* **Records for processing**:
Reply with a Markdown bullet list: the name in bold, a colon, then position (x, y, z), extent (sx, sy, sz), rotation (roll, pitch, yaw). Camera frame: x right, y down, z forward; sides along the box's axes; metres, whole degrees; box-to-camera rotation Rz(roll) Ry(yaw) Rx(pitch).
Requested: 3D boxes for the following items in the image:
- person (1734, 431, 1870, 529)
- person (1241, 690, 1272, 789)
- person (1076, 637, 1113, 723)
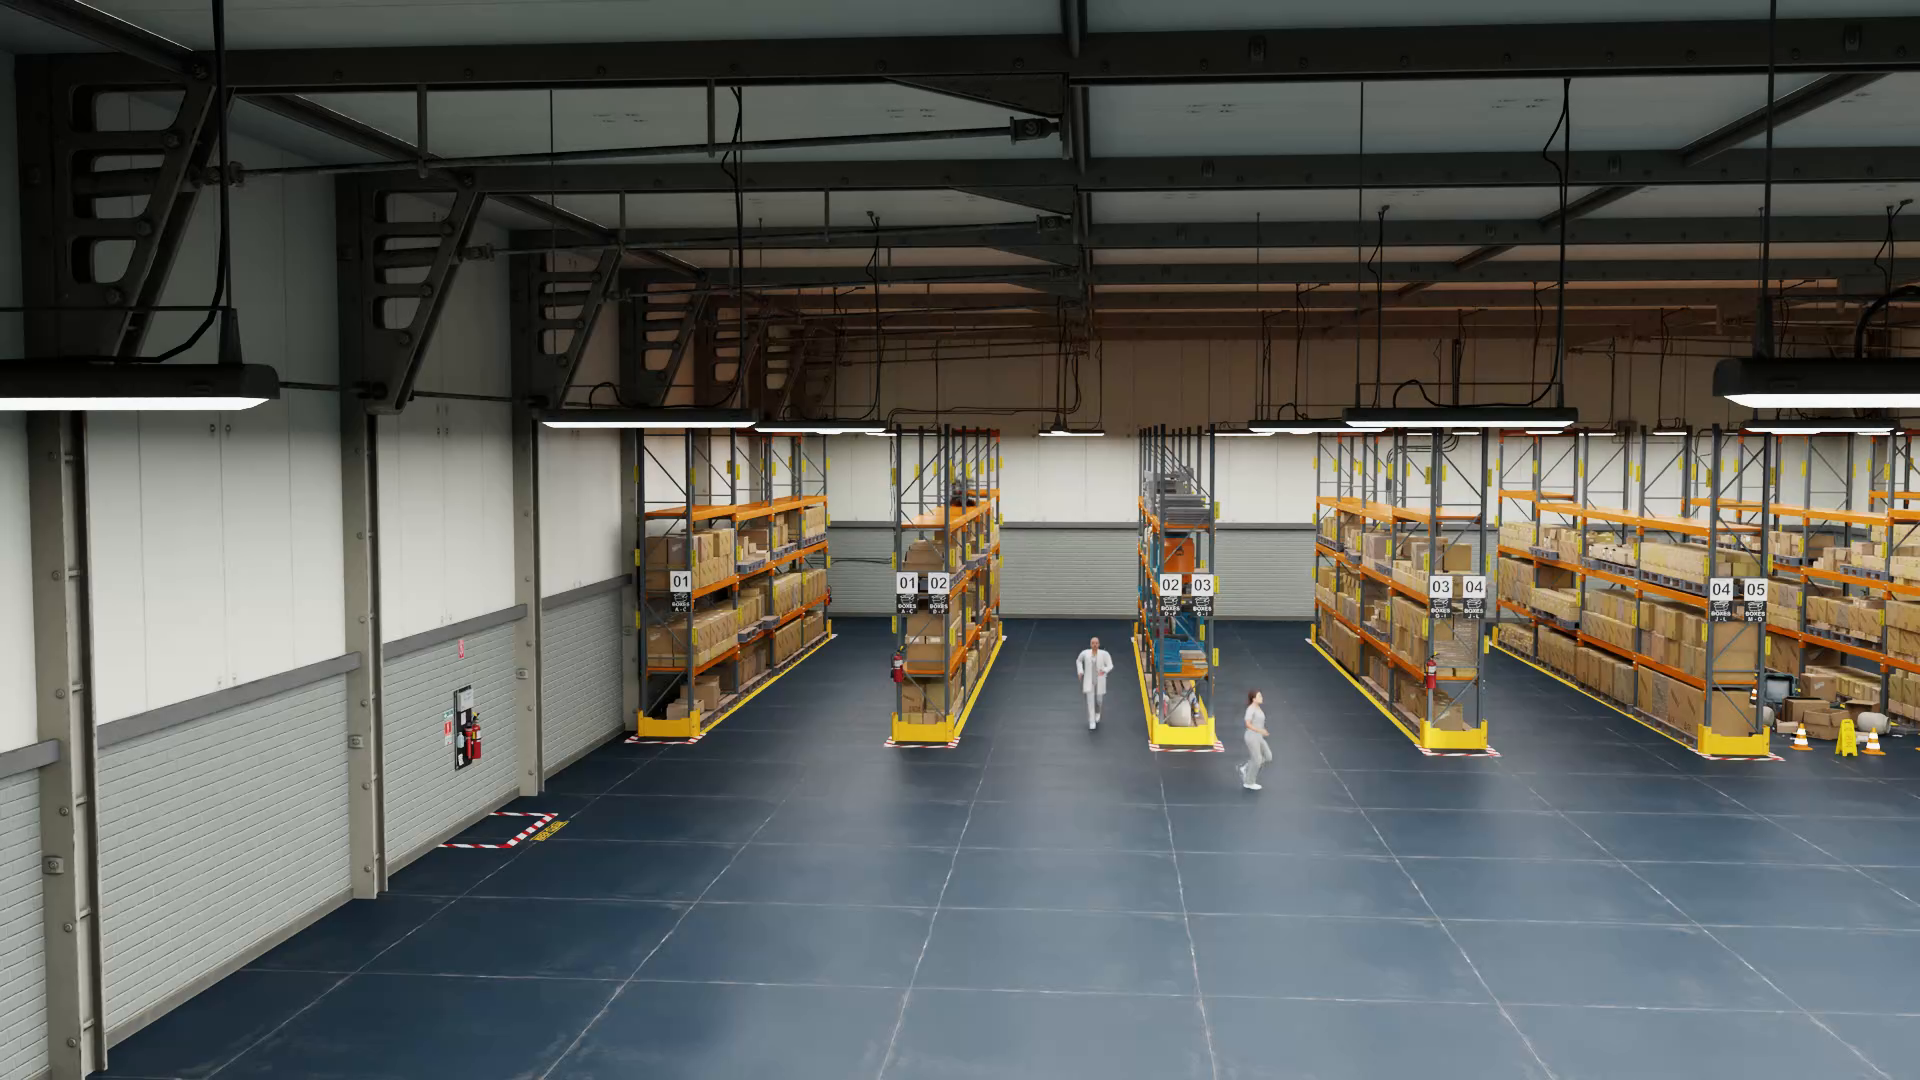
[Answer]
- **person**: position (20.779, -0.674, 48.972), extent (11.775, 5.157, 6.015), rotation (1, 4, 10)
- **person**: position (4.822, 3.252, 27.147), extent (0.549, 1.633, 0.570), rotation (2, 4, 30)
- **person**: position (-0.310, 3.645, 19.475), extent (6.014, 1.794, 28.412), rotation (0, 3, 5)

* **Required work**: Above are the records; repeat them exactly, omitting every picture.

* **Written answer**:
Reply with a Markdown bullet list: the name in bold, a colon, then position (x, y, z), extent (sx, sy, sz), rotation (roll, pitch, yaw). Camera frame: x right, y down, z forward; sides along the box's axes; metres, whole degrees; box-to-camera rotation Rz(roll) Ry(yaw) Rx(pitch).
Requested: 3D boxes for the following items in the image:
- person (1734, 431, 1870, 529)
- person (1241, 690, 1272, 789)
- person (1076, 637, 1113, 723)
[Answer]
- **person**: position (20.779, -0.674, 48.972), extent (11.775, 5.157, 6.015), rotation (1, 4, 10)
- **person**: position (4.822, 3.252, 27.147), extent (0.549, 1.633, 0.570), rotation (2, 4, 30)
- **person**: position (-0.310, 3.645, 19.475), extent (6.014, 1.794, 28.412), rotation (0, 3, 5)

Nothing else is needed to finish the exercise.